— DATA PROVIDED —
Segment Open
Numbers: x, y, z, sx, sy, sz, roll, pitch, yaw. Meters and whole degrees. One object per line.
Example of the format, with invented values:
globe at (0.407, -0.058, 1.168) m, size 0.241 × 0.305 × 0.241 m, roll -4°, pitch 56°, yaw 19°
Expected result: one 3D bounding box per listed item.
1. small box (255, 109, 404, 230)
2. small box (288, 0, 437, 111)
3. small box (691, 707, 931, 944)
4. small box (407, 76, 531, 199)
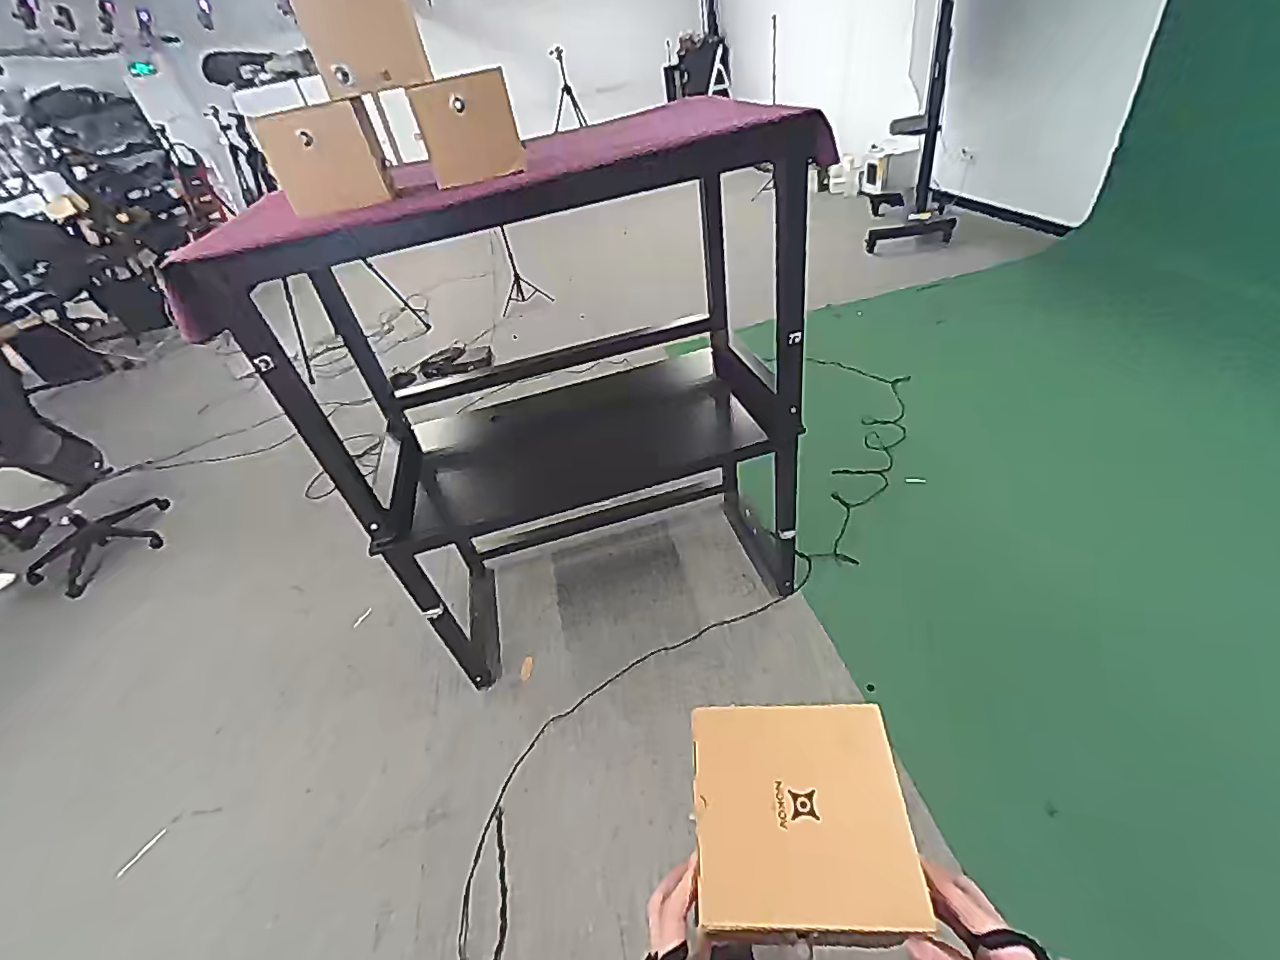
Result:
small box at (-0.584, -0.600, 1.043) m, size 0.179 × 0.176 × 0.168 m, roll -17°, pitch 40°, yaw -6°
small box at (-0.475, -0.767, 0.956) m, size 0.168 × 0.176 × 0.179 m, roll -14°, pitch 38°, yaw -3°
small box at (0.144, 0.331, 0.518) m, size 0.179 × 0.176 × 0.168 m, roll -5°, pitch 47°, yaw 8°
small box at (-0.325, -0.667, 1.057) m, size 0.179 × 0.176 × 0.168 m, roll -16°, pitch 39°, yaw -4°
Segment Closed
Segment Open
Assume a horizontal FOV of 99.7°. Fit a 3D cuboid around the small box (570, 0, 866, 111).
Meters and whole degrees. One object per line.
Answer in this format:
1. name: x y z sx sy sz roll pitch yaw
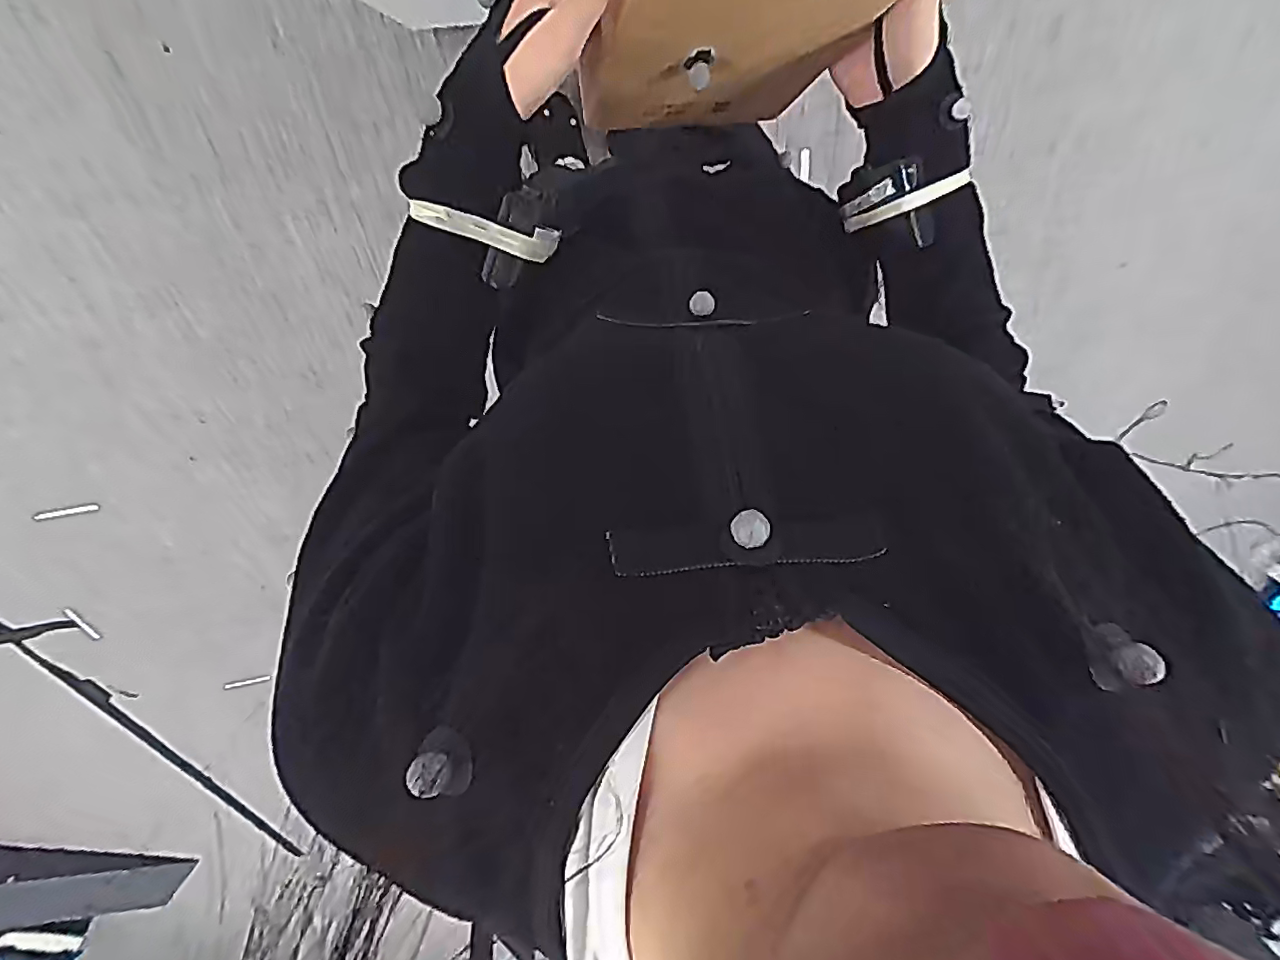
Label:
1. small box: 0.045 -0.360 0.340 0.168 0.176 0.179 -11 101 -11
Segment Closed
Segment Open
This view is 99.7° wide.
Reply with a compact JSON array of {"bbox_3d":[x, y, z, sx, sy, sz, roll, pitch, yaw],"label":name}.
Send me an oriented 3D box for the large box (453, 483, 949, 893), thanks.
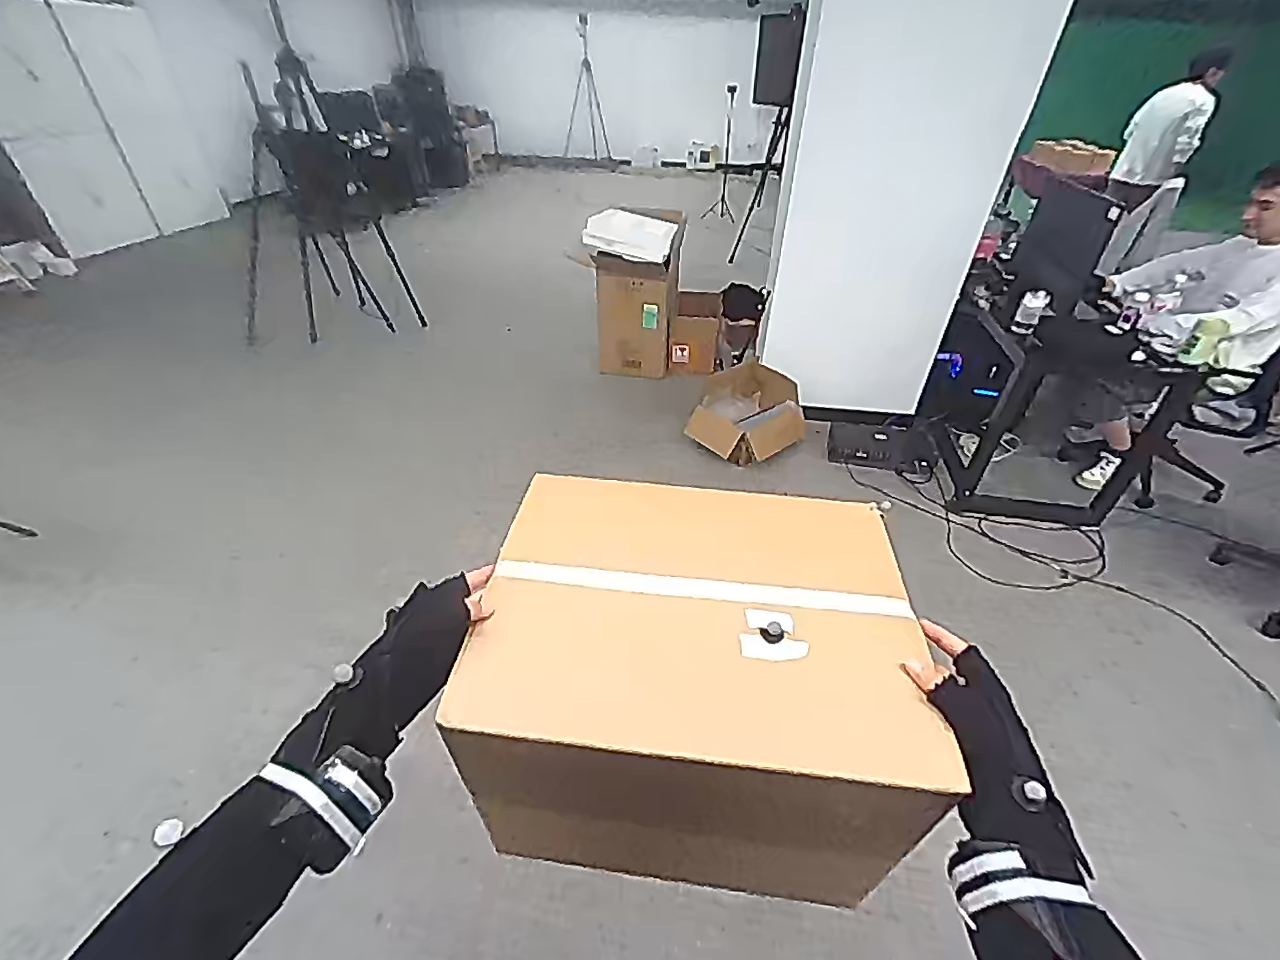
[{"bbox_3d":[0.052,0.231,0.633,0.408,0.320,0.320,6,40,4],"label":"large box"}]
Segment Closed
— WORK TO BE COMPLETED —
Go through the material above and output exactly the lines from the one containing "Numbers: x, y, z, sx, sy, sz, roll, pitch, yaw." through the one containing "4. small box (407, 76, 531, 199)".

— RESPONSE AREA —
Numbers: x, y, z, sx, sy, sz, roll, pitch, yaw. Meters and whole degrees. One object per line.
Example of the format, with invented values:
globe at (0.407, -0.058, 1.168) m, size 0.241 × 0.305 × 0.241 m, roll -4°, pitch 56°, yaw 19°
Expected result: one 3D bounding box per listed item.
1. small box (255, 109, 404, 230)
2. small box (288, 0, 437, 111)
3. small box (691, 707, 931, 944)
4. small box (407, 76, 531, 199)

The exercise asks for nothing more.